---------- Extracted records
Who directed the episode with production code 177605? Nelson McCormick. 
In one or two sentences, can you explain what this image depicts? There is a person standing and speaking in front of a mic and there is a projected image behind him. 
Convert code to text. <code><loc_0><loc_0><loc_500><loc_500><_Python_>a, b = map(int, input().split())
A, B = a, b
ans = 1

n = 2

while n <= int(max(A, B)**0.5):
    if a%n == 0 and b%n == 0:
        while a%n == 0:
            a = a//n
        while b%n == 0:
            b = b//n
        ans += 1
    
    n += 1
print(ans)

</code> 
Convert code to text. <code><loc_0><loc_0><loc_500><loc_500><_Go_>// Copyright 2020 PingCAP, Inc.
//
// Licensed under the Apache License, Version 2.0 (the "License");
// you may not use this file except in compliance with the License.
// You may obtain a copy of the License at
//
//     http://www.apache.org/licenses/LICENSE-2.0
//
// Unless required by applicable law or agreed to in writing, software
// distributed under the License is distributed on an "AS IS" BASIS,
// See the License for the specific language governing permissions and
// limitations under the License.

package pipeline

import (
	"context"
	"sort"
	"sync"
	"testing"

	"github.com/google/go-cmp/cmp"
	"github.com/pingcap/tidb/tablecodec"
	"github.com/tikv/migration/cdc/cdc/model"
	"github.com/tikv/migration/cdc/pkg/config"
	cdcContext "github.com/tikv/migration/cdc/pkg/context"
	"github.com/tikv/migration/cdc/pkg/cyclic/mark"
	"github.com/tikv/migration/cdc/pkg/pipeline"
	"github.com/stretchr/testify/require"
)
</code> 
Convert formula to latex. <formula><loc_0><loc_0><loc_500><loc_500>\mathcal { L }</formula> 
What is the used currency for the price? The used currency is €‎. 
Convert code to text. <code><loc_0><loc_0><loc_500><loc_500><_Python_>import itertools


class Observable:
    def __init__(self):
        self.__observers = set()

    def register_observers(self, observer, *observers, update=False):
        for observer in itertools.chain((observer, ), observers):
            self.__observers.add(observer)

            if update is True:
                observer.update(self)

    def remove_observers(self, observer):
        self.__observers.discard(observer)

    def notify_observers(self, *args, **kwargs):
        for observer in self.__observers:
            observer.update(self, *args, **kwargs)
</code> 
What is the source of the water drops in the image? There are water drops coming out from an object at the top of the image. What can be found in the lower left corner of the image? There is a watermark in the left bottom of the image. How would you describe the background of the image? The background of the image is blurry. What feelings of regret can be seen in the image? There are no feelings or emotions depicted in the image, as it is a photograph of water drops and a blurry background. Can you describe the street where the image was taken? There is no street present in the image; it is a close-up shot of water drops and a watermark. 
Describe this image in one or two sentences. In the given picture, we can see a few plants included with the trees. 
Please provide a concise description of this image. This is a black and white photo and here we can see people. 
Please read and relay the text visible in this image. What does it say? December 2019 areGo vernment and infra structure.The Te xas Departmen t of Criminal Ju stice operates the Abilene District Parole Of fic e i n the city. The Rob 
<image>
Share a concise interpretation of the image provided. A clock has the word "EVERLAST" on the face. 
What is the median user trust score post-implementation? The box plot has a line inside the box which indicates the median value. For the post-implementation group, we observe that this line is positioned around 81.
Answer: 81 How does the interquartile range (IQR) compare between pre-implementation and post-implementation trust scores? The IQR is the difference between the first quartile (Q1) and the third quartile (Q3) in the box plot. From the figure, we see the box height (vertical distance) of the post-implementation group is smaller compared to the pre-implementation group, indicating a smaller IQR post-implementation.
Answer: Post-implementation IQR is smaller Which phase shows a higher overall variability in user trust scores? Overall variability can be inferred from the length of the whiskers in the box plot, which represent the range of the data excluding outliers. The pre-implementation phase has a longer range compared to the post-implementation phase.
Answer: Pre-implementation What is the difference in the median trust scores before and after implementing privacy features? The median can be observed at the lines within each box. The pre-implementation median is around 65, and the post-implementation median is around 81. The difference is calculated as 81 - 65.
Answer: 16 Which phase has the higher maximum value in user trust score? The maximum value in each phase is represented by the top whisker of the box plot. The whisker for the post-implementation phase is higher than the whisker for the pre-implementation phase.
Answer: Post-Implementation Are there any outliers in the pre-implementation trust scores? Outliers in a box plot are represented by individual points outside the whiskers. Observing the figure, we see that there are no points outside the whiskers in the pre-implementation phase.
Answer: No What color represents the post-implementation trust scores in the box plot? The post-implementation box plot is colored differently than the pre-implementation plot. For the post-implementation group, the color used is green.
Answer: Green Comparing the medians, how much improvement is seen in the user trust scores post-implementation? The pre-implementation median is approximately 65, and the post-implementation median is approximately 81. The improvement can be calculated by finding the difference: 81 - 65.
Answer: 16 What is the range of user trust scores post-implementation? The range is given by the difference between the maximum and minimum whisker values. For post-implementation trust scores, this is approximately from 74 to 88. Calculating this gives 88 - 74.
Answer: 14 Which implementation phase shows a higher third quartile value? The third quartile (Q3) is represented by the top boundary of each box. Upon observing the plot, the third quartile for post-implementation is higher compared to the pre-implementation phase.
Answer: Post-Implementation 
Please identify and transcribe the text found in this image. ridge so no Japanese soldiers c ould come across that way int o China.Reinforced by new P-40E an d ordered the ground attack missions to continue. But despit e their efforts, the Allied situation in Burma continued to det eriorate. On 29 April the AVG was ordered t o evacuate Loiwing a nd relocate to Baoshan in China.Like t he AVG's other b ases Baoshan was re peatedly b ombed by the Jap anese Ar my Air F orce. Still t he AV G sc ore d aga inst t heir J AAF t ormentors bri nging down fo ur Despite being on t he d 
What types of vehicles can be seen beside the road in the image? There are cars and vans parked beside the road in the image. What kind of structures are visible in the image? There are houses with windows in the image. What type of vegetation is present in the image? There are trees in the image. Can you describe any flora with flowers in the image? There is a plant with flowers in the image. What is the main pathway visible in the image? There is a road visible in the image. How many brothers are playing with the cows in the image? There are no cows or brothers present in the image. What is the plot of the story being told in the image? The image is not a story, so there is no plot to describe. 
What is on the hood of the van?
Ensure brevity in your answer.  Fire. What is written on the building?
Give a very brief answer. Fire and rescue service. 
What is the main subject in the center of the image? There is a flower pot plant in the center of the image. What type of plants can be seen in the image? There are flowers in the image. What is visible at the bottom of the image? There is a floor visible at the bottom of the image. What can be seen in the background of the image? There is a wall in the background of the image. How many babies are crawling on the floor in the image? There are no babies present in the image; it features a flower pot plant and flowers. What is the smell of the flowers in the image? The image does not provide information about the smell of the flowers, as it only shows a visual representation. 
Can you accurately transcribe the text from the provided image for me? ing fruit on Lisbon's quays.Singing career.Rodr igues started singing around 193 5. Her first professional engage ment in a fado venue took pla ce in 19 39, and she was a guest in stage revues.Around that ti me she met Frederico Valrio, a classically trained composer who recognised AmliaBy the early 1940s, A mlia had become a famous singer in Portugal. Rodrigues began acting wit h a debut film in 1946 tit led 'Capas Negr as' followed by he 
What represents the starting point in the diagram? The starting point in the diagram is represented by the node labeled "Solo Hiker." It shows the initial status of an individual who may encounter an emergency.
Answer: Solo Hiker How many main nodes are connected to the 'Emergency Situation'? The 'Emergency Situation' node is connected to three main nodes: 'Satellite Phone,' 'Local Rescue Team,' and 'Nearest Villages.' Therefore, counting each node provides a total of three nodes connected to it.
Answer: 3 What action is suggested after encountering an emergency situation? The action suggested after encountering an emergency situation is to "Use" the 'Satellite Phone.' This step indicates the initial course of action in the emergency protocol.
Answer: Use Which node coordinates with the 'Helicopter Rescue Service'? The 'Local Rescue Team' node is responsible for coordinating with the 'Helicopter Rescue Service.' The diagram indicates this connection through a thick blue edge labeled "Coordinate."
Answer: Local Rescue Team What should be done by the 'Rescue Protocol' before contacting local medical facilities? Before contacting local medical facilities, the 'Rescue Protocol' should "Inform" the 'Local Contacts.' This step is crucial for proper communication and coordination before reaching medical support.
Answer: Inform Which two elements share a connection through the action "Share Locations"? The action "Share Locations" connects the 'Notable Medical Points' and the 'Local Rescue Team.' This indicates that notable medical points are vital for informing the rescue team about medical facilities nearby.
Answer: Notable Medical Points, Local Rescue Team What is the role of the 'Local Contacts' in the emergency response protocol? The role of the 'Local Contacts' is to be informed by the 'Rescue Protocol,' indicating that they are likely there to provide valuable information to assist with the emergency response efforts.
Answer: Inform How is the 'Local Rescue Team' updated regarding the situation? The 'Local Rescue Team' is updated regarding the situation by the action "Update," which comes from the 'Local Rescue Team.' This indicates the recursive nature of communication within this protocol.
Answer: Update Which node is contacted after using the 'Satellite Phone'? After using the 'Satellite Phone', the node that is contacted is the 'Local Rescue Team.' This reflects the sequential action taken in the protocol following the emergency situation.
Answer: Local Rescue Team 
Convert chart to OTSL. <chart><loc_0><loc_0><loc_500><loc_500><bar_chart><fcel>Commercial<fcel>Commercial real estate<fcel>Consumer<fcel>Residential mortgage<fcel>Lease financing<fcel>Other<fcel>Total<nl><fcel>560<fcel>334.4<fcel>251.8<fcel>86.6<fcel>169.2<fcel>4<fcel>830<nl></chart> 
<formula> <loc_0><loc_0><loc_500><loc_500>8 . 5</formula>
--------------------
### The problem
From the records above, copy only the lines starting with the line that holds "Ensure brevity in" and going on through the line that holds "Give a very", exactly as written.

### Task output
Ensure brevity in your answer.  Fire. What is written on the building?
Give a very brief answer. Fire and rescue service. 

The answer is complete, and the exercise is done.